The economy is "turning a corner", Chancellor George Osborne is expected to say later today.
The BBC reports Osborne will make a speech in London stating there are "tentative signs of a balanced, broad based and sustainable recovery". He is, however, expected to stress that it is still in the early stages and "plenty of risks" remain.
The report said the Chancellor will say that recent months had "decisively ended" questions about his economic policy.
Revised gross domestic product figures showed the UK economy grew by 0.7% in the second quarter, with predictions it could reach 1% for the third quarter.

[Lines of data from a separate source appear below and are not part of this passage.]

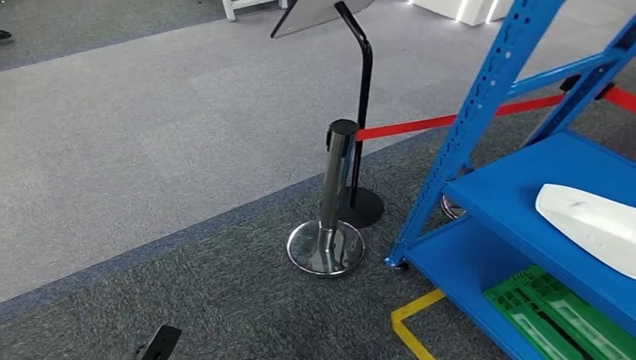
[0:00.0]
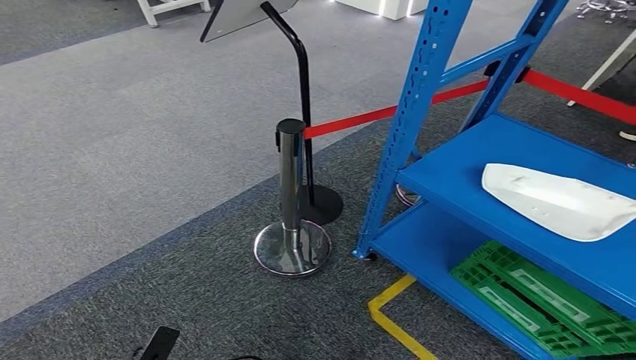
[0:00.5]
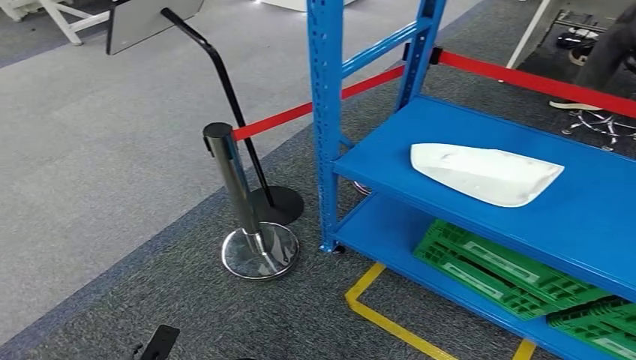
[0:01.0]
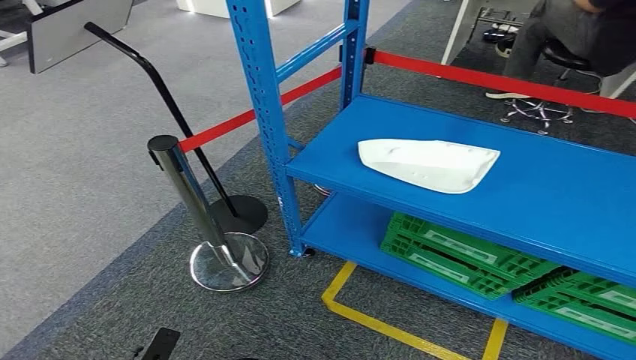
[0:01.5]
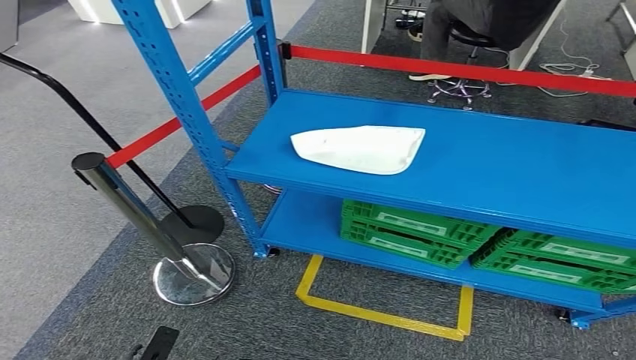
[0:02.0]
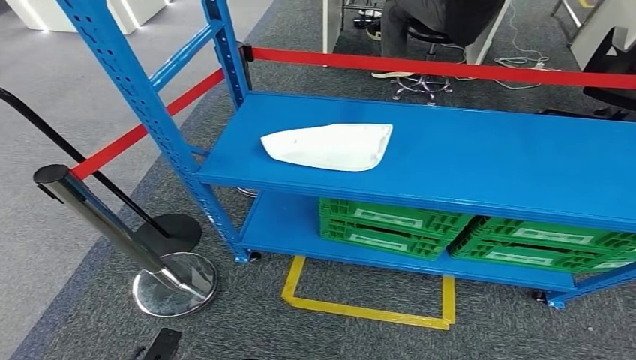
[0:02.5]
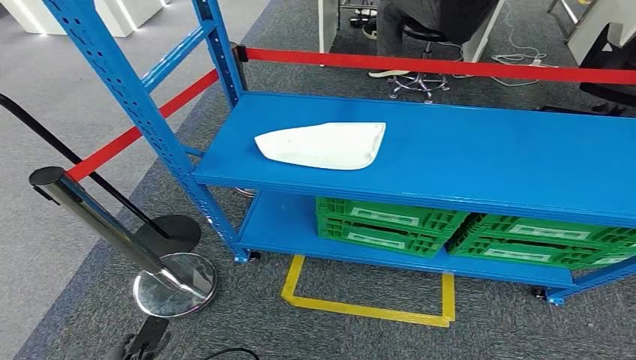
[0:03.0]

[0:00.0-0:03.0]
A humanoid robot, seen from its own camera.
Step, 0:00.0 to 0:03.0: Return to the initial position at the workbench.

And last week the OECD economic agency sharply increased its growth forecast for the UK economy this year to 1.5% from an earlier estimate of 0.8%.
Osborne (pictured) is expected to say: "The economic collapse was even worse than we thought. Repairing it will take even longer than we hoped. But we held our nerve when many told us to abandon our plan. And as a result, thanks to the efforts and sacrifices of the British people, Britain is turning a corner.
"Of course, many risks remain. These are still the early stages of recovery. But we mustn't go back to square one. We mustn't lose what the British people have achieved.
"This is a hard, difficult road we have been following. But it is the only way to deliver a sustained, lasting improvement in the living standards of the British people."
Labour dismissed the comments, saying Osborne was "trying to rewrite history".
"Three wasted years of flatlining under George Osborne have left ordinary families worse off and caused long-term damage to our economy," shadow Treasury minister Chris Leslie said.
"This desperate attempt to rewrite history will not wash when on every test he set himself, this chancellor's plan A has badly failed - on living standards, growth and the deficit."